After reading this start a timer for about ten minutes. Spend that time making replies to posts in other people’s journals. Doesn’t matter who (comments turned the fuck off here). In most cases the easiest thing is to just continue reading your friends page, if you don’t want to do that there are always other places to find random posts. After your countdown ends finish typing your last comment and submit it, walk away from your computing device, grab a glass of whatever you have at home that you favor (alcoholic or not), sit facing a window outside. Enjoy the beverage for another ten minutes. Take a deep breath, continue living your day.
Why? Responses are important. Getting feedback means the rest of the world is very much out there and alive. This has nothing to do with you, unless you begin dialog, which in its self is a whole another world.
Here’s a bucket of gas and a match, start some shit up.
On the second day of CONvergence, I thought it was a good idea to act like a zombie would, by falling down a flight of stairs in a fit of blood and brains. Qarly tells me that I had this grand idea well before I got rip roaring drunk, while I’m pretty sure it was more like midnight.

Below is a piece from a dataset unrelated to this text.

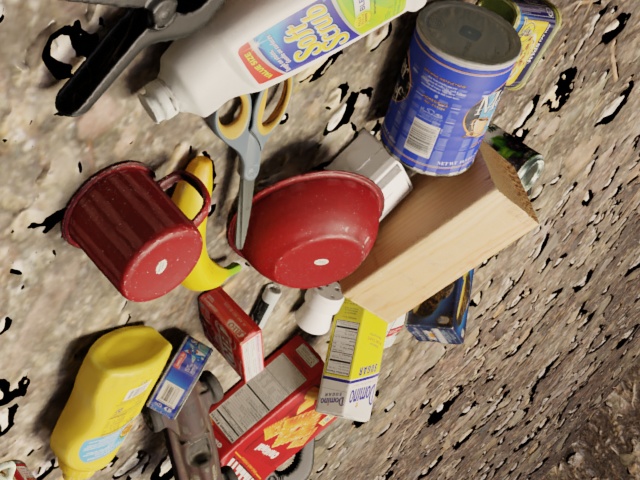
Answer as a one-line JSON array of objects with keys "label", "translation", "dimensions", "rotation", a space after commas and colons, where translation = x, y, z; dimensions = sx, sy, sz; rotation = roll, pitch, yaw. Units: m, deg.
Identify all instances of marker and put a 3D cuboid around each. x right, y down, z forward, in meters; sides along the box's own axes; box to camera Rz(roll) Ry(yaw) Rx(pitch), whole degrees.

Any how, some point in time that night my multi-tool slipped out of my pocket. Yes, I lost my Leatherman in Minneapolis. On returning back home, I promptly rode out to REI to grab a new one (my 4th Charge Titanium) only to find that they no longer carried it. Hopping onto Amazon I found what I wanted for a fair cost and ordered it.
Today I got my smiling package, popped it open, and found this huge ass tin box. Guess the model of the Charge I like is now some sort of limited collectors item, too good for a plastic heat shrink display case. Not too sure if I want to keep the flimsy tin box or what.
Suggestions on what I could do with it?
Over 4th of July weekend, Qarly (supetoope) and I jumped ship on any Juplaya plans, got on a plane and headed to Minneapolis for CONvergence. I didn’t really know what to except other then a convention filled with folks that enjoy sci-fi. No one, except for a secret contact, knew about our visit plans, so it was a bit of a surprise.